Tak Kunjung Mendapat Perbaikan , Jalan Gador-Sumberejo Rusak Parah

KANALINDONESIA.COM, TRENGGALEK: Jalan penghubung antara Desa Gador dan Desa Sumberejo yang keduanya berada di Kecamatan Durenan kini rusak berat. Keadaan ini pun tak kunjung diperbaiki hingga membuat warga kesal. Merekapun berusaha secara mandiri memberi uruk grasak di beberapa jalan yang rusak seadanya untuk mengurangi resiko yang acapkali menghantui pengedara jika melewati jalanan itu.

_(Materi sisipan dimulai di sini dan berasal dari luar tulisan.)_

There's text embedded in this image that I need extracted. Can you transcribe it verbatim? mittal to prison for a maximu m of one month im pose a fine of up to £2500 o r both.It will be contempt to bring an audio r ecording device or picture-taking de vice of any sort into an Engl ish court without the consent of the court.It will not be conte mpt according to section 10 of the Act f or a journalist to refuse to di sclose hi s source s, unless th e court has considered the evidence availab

Dari pantauan, kondisi jalan rusak itu mulai terlihat dari Gador arah Sumberejo ada banyak lubang, hingga aspalnya tidak kelihatan dan yang terlihat hanya tanah becek arteri di sepanjang kurang lebih 1 Kilometer.

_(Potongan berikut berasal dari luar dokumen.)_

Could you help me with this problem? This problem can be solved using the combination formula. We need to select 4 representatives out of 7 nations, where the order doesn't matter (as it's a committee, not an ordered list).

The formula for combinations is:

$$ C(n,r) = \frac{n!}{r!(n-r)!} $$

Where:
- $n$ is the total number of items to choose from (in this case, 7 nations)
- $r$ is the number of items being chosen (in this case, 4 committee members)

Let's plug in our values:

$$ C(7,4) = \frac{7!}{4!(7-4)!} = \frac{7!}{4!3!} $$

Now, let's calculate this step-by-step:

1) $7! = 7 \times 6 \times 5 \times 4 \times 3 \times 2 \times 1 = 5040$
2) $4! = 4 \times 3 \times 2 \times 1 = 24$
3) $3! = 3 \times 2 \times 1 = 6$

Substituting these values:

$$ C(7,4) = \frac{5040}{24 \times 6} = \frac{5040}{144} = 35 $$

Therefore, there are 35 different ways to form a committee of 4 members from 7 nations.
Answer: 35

Sedang ukuran lubangnya pun bervariasi, dengan kedalaman sampai 15 centimeter, lebar 1 hingga 2 meter dengan panjang separuh badan jalan.

“Sudah tidak bisa terhitung lagi pengendara yang mengalami kecelakaan terutama pengendara sepeda motor,” kata Musani (56) warga Desa Sumberejo, Sabtu (10/2/2018).

Namun , jika datang cuaca panas , debu pekat sudah menjadi asupan warga di kesehariannya.

“Mau apa lagi , kondisinya memang begini , datang panas ya mesti berdebu,” tuturnya.

Dengan kondisi tersebut, warga prihatin dan berembug melakukan pengurukan secara swadaya. Pertimbangannya terlalu lama menunggu tindakan dari dinas terkait. Merekapun bergotong-royong menguruknya dengan grasak dan tanah.

“Kami sudah berusaha memberikan grasak pada jalan berlubang, namun grasak cepat hilang, sehingga cepat rusak lagi,” tambah Musani.

Belum adanya respon dari pemerintah , masih keterangan pria ini, membuat keruskan makin hari makin parah saja. Untuk itu dia bersama warga yang lain mengharapkan pemerintah segera turun tangan mengatasi kondisi ini secepatnya.

“Jalan ini belum pernah diperbaiki, saat ini rusaknya lebih parah, apa karena terlalu banyak kendaraan besar yang melewati jalan ini, tapi kami berharap pemerintah kabupaten Trenggalek untuk segera memperbaiki jalan ini,” terangnya.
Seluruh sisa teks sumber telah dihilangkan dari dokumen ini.